A little-known provision in the Congressional Review Act (CRA) could bring about significant red-tape reduction. The Obama administration’s zeal for overregulation could backfire, as I’ve explained here before:

The CRA requires the agency behind a rule to issue a report on it to Congress, which has 60 days to act to block it after its either published or Congress receives that report, whichever happens later.

That’s key because the Obama administration chose not to issue reports on those rules. So the clock on them hasn’t even started yet.

Susan Dudley, director of the George Washington University Regulatory Studies Center, writes about that in Forbes:

According to Curtis Copeland, author of a study prepared for the Administrative Conference of the United States, “federal agencies have not submitted hundreds of final rules to GAO or Congress in recent years, and therefore those rules are technically not in effect.” PLF’s “Red Tape Rollback” project argues that this means “the Trump administration can go back over all the unsubmitted, burdensome rules issued since 1996 and belatedly submit them to Congress for its disapproval.” They are calling this “CRA 2.0.” If the new administration and Congress were to work together in this way, not only would those regulations be overturned, but the issuing agency would be prevented from publishing anything substantially similar.

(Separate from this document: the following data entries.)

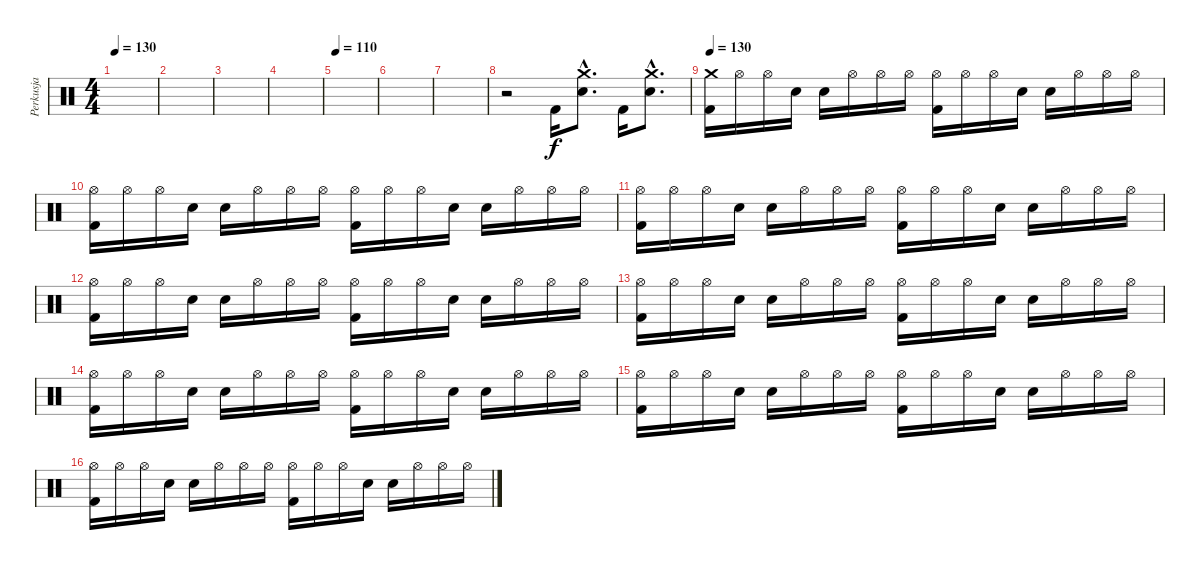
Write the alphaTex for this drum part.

\track ("Perkusja" "Perkusja") {instrument percussion}
\staff {score}
\articulation defaults
\ts (4 4)
\tempo 130
\clef neutral
\ks c
|
|
|
|
\tempo 110
|
|
|
r.2 "Kick (hit) 2".16 ("Crash medium (hit)"{hac} "Electric Snare (hit)"{hac}).8{d} "Kick (hit) 2".16 ("Crash medium (hit)"{hac} "Electric Snare (hit)"{hac}).8{d} |
\tempo 130
("Crash medium (hit)" "Kick (hit) 2").16 "Hi-Hat (open)".16 "Hi-Hat (open)".16 "Electric Snare (hit)".16 "Electric Snare (hit)".16 "Hi-Hat (open)".16 "Hi-Hat (open)".16 "Hi-Hat (open)".16 ("Hi-Hat (open)" "Kick (hit) 2").16 "Hi-Hat (open)".16 "Hi-Hat (open)".16 "Electric Snare (hit)".16 "Electric Snare (hit)".16 "Hi-Hat (open)".16 "Hi-Hat (open)".16 "Hi-Hat (open)".16 |
("Hi-Hat (open)" "Kick (hit) 2").16 "Hi-Hat (open)".16 "Hi-Hat (open)".16 "Electric Snare (hit)".16 "Electric Snare (hit)".16 "Hi-Hat (open)".16 "Hi-Hat (open)".16 "Hi-Hat (open)".16 ("Hi-Hat (open)" "Kick (hit) 2").16 "Hi-Hat (open)".16 "Hi-Hat (open)".16 "Electric Snare (hit)".16 "Electric Snare (hit)".16 "Hi-Hat (open)".16 "Hi-Hat (open)".16 "Hi-Hat (open)".16 |
("Hi-Hat (open)" "Kick (hit) 2").16 "Hi-Hat (open)".16 "Hi-Hat (open)".16 "Electric Snare (hit)".16 "Electric Snare (hit)".16 "Hi-Hat (open)".16 "Hi-Hat (open)".16 "Hi-Hat (open)".16 ("Hi-Hat (open)" "Kick (hit) 2").16 "Hi-Hat (open)".16 "Hi-Hat (open)".16 "Electric Snare (hit)".16 "Electric Snare (hit)".16 "Hi-Hat (open)".16 "Hi-Hat (open)".16 "Hi-Hat (open)".16 |
("Hi-Hat (open)" "Kick (hit) 2").16 "Hi-Hat (open)".16 "Hi-Hat (open)".16 "Electric Snare (hit)".16 "Electric Snare (hit)".16 "Hi-Hat (open)".16 "Hi-Hat (open)".16 "Hi-Hat (open)".16 ("Hi-Hat (open)" "Kick (hit) 2").16 "Hi-Hat (open)".16 "Hi-Hat (open)".16 "Electric Snare (hit)".16 "Electric Snare (hit)".16 "Hi-Hat (open)".16 "Hi-Hat (open)".16 "Hi-Hat (open)".16 |
("Hi-Hat (open)" "Kick (hit) 2").16 "Hi-Hat (open)".16 "Hi-Hat (open)".16 "Electric Snare (hit)".16 "Electric Snare (hit)".16 "Hi-Hat (open)".16 "Hi-Hat (open)".16 "Hi-Hat (open)".16 ("Hi-Hat (open)" "Kick (hit) 2").16 "Hi-Hat (open)".16 "Hi-Hat (open)".16 "Electric Snare (hit)".16 "Electric Snare (hit)".16 "Hi-Hat (open)".16 "Hi-Hat (open)".16 "Hi-Hat (open)".16 |
("Hi-Hat (open)" "Kick (hit) 2").16 "Hi-Hat (open)".16 "Hi-Hat (open)".16 "Electric Snare (hit)".16 "Electric Snare (hit)".16 "Hi-Hat (open)".16 "Hi-Hat (open)".16 "Hi-Hat (open)".16 ("Hi-Hat (open)" "Kick (hit) 2").16 "Hi-Hat (open)".16 "Hi-Hat (open)".16 "Electric Snare (hit)".16 "Electric Snare (hit)".16 "Hi-Hat (open)".16 "Hi-Hat (open)".16 "Hi-Hat (open)".16 |
("Hi-Hat (open)" "Kick (hit) 2").16 "Hi-Hat (open)".16 "Hi-Hat (open)".16 "Electric Snare (hit)".16 "Electric Snare (hit)".16 "Hi-Hat (open)".16 "Hi-Hat (open)".16 "Hi-Hat (open)".16 ("Hi-Hat (open)" "Kick (hit) 2").16 "Hi-Hat (open)".16 "Hi-Hat (open)".16 "Electric Snare (hit)".16 "Electric Snare (hit)".16 "Hi-Hat (open)".16 "Hi-Hat (open)".16 "Hi-Hat (open)".16 |
("Hi-Hat (open)" "Kick (hit) 2").16 "Hi-Hat (open)".16 "Hi-Hat (open)".16 "Electric Snare (hit)".16 "Electric Snare (hit)".16 "Hi-Hat (open)".16 "Hi-Hat (open)".16 "Hi-Hat (open)".16 ("Hi-Hat (open)" "Kick (hit) 2").16 "Hi-Hat (open)".16 "Hi-Hat (open)".16 "Electric Snare (hit)".16 "Electric Snare (hit)".16 "Hi-Hat (open)".16 "Hi-Hat (open)".16 "Hi-Hat (open)".16
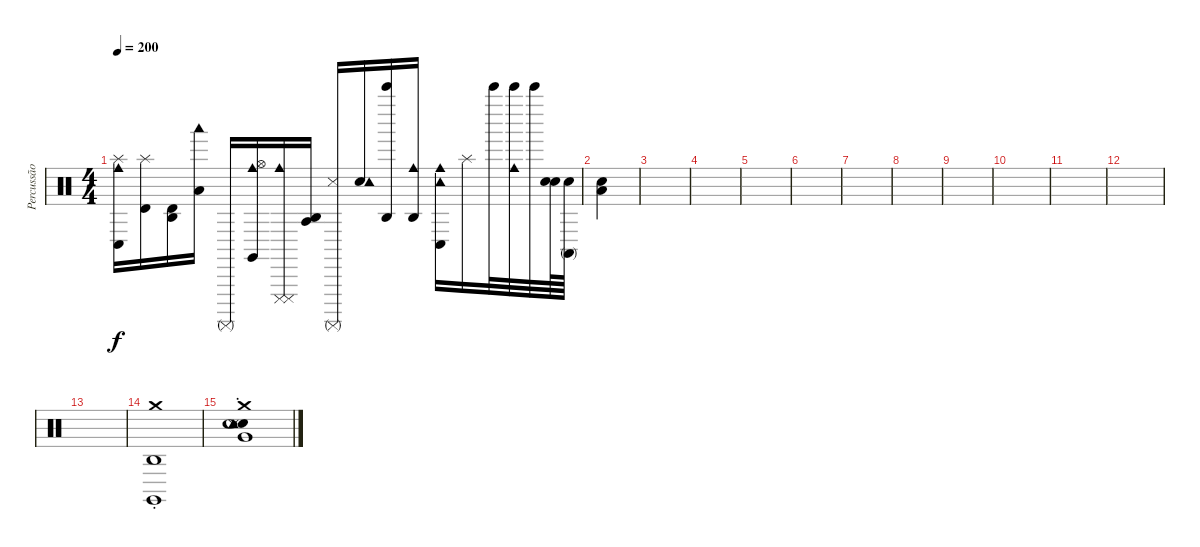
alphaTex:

\track ("Percussão" "Percussão") {instrument percussion}
\staff {score}
\articulation defaults
\ts (4 4)
\tempo 200
\clef neutral
\ks c
("Cowbell medium (hit)" "Conga low (hit)" "Splash (hit)").16{dy f} ("Splash (hit)" "Timbale high (hit)").16 ("Timbale high (hit)" "Agogo high (hit)").16 ("Low Tom (hit)" "Woodblock low (hit)").16 "Surdo (mute)".16 ("Cowbell medium (hit)" "Claves (hit)" "Hi-Hat (open)").16 ("Cuica (mute)" "Cuica (mute)" "Cowbell medium (hit)").16 ("Agogo tow (hit)" "Agogo high (hit)").16 ("Surdo (mute)" "Metronome (hit)").16 ("Snare (hit)" "Tambourine (hit)").16 ("Bell Tree (hit)" "Agogo high (hit)").16 ("Agogo high (hit)" "Cowbell medium (hit)").16 ("Tambourine (hit)" "Conga low (hit)" "Cowbell medium (hit)").16 "Splash (hit)".16 "Bell Tree (hit)".32 ("Bell Tree (hit)" "Cowbell medium (hit)").32 "Bell Tree (hit)".32 ("Snare (hit)" "Snare (hit)").64 ("Conga high (mute)" "Snare (hit)").64 |
("Snare (hit)" "Low Tom (hit)").4 |
|
|
|
|
|
|
|
|
|
|
|
("Agogo high (hit)" "Claves (hit)" "Crash medium (choke)").1 |
("Metronome (bell)" "Very Low Tom (hit)" "Crash medium (choke)" "Snare (side stick) 3" "Tambourine (hit)" "Snare (hit)").1

Dudley goes on to discuss two more uses of the CRA: the Trump administration could (quoting PLF), “in many cases, simply publish notice that a rule not in effect is being abandoned, reevaluated, or potentially modified.” Also, “Attorneys whose clients are facing enforcement actions, permit denials, or other government proceedings could argue in court that the applicable regulation is not effective, since it never went through CRA review.”